I use craigslist a lot. Sorry newspaper industry. The classifieds has done and gone all digital on the gray lady.
Sometimes I suppose it would be nice to take a red Sharpie and circle all the jobs I’ll never hear back from or the circa 1920s bed frame ad that, as I lay awake at night on my futon, I night-dream of. But that would mess up my screen and I usually don’t ball up my computer and toss it on the fire. Though I sometimes want to.
One sunny spot amidst the perverts and spammers are the good men and women looking for housemates. I have had great – no, fantastic – roommating experiences via craigslist. No complaints, really. Some of my best friends were gathered this way. Even people I never actually lived with but met at their respective rentals:

-There’s Nick, from Chicago. It was Winter 2008 and I was lost, wondering where I belonged in this world as a post-graduate with no real skills. While visiting a friend in Chicago, I followed up on his ad that mentioned Neutral Milk Hotel, a worn-out couch in the kitchen, maps on the walls and delicious scones. It turned out we had a mutual friend and I was thisclose to closing the deal. Unfortunately, some job prospects fell through and I made my way to Seattle, then PA and then North Carolina, but we are still Facebook friends, which sometimes counts for something. I ended up getting replaced by a guy who was a backup dancer for Celine Dion. Strange … more because I never really considered Celine to inspire any move-busting but what do I know about French Canadian soaring ballads.

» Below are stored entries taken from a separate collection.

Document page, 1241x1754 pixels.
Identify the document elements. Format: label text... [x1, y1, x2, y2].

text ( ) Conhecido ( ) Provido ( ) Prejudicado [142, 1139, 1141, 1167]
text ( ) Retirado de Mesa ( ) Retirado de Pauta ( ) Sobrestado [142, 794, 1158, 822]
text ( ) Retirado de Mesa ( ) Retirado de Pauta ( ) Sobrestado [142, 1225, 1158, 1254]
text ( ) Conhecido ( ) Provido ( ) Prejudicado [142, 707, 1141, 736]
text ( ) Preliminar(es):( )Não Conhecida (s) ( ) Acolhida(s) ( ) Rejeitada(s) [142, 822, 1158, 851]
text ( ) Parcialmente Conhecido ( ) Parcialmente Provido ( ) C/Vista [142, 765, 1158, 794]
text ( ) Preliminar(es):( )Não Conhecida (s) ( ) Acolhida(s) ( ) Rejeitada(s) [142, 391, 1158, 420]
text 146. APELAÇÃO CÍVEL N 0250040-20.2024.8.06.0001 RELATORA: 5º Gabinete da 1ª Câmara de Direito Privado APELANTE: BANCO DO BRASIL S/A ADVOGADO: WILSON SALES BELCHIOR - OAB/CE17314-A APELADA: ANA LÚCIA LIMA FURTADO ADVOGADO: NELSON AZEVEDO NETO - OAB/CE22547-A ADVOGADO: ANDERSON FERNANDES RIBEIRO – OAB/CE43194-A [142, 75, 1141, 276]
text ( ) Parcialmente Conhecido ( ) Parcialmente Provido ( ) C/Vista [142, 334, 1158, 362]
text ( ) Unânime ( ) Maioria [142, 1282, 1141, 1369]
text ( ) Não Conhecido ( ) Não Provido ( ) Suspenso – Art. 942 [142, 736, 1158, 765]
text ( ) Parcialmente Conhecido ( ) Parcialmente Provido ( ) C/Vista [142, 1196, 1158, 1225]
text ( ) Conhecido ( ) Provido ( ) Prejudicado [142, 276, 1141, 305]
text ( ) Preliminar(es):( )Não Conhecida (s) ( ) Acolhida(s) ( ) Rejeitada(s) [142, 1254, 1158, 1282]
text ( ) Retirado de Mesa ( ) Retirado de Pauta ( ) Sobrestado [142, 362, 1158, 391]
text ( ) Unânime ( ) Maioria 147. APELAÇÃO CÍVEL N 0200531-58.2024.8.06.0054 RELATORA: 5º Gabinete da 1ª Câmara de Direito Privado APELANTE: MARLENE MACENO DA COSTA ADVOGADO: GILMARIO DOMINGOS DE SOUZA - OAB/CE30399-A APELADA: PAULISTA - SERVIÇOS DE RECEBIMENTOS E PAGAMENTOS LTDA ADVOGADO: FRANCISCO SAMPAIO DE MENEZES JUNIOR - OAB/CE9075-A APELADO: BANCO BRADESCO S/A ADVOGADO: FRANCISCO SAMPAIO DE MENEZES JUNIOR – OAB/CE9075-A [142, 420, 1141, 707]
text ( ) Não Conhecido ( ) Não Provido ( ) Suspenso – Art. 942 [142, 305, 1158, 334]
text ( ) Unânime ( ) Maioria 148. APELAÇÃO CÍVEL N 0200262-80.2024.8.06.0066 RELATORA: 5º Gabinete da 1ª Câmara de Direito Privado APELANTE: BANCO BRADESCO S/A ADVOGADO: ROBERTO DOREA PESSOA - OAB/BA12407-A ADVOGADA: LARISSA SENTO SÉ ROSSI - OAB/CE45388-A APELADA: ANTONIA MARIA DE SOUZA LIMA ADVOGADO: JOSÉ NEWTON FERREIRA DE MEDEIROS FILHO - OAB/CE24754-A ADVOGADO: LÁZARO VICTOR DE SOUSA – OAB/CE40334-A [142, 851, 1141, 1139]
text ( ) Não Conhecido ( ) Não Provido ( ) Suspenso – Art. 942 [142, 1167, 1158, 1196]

-More recently, Mike from Everywhere Town, who is hunkered down in Asheville. He is a self-proclaimed Mr. FixIt and an Animal Collective fan. Both of these facts I know because he showed me a busted flatscreen TV in his basement and the tubes needed to make it radiate bad reality TV and bad everything else TV I suppose, and also Post Merriweather Pavillion was playing when I entered his apartment. I didn’t move in, but we regularly discuss the following via Gchat: Korean War babies circa 1948, creepsters at the Westville Pub and Texas politics.

-My first craigslist tryst was in Philly. I was desperate to escape the enclaves of suburban Philadelphia for the real deal. After a few misses (“so your room will technically be this closet…”), I came upon a Federal and Broad brownstone full of Midwesterners there on internships. I moved in and created hi-jinks with the lot of them and it was a blast. Now one of my best friends is Lindsey, my former roommate there. Even though NASCAR was celebrated on Sundays by a few select roommates (there were 8 of us altogether) it was rather enjoyable.

-And the crown jewel, Asheville. I moved here for a job and essentially on a whim, so I picked a place from a roommate listing that ranged from collective, militant vegan potluckers to men at the age where living with someone my age would only be appropriate if I were their daughter. I happened upon an ad that was simple, non-descript and seemingly sane. So I paypaled a deposit and drove ten hours to an unknown land. The first night my new roommate and I drank Duck-Rabbit Milk Stout at BoBo Gallery and listened to Moses Atwood and I decided I have killer craigslist instinct.

So while this entry has absolutely zero to do with multimedia, I felt like interjecting it into the Internet because everybody feels a little displaced sometimes and it’s nice to take risks that pay off. It’s always good to open yourself up to new people and situations and be happy about it. So there.